• **ACTIVITY**
Your answer must be an exact transcription of the data, with every picture omitted.
##### TASK MATERIAL
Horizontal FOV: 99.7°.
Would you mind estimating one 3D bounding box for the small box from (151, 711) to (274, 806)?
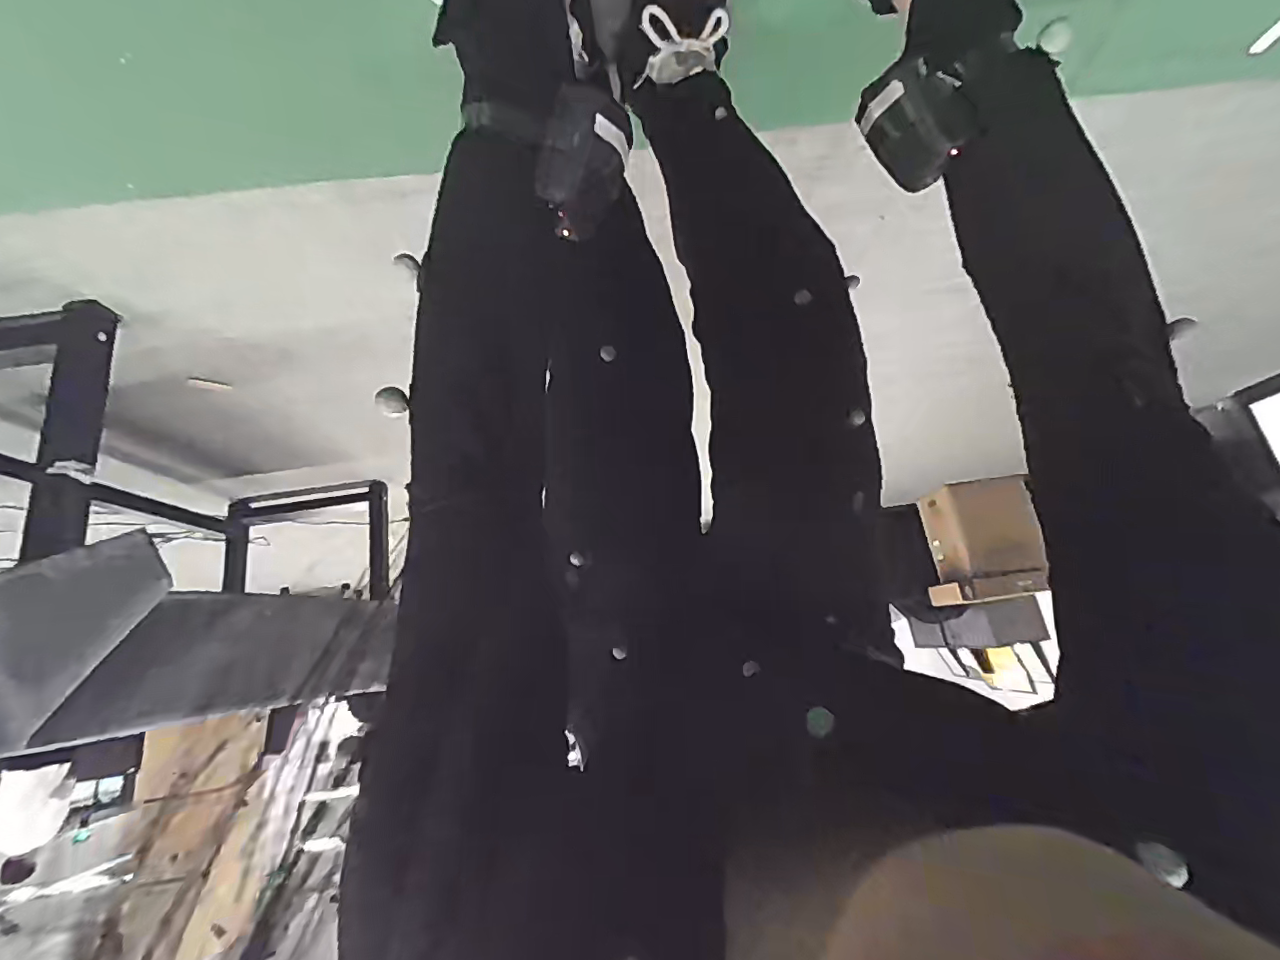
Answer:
[{"bbox_3d":[-1.029,0.666,1.316,0.179,0.176,0.168,-7,163,-1],"label":"small box"}]

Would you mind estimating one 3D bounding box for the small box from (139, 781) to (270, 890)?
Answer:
[{"bbox_3d":[-1.006,0.819,1.267,0.179,0.176,0.168,-8,162,-2],"label":"small box"}]

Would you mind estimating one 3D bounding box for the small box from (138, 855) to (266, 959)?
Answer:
[{"bbox_3d":[-0.979,0.973,1.215,0.168,0.176,0.179,-8,162,-3],"label":"small box"}]
##########
• **SOLUTION BELOW**
Horizontal FOV: 99.7°.
Would you mind estimating one 3D bounding box for the small box from (151, 711) to (274, 806)?
Answer:
[{"bbox_3d":[-1.029,0.666,1.316,0.179,0.176,0.168,-7,163,-1],"label":"small box"}]

Would you mind estimating one 3D bounding box for the small box from (139, 781) to (270, 890)?
Answer:
[{"bbox_3d":[-1.006,0.819,1.267,0.179,0.176,0.168,-8,162,-2],"label":"small box"}]

Would you mind estimating one 3D bounding box for the small box from (138, 855) to (266, 959)?
Answer:
[{"bbox_3d":[-0.979,0.973,1.215,0.168,0.176,0.179,-8,162,-3],"label":"small box"}]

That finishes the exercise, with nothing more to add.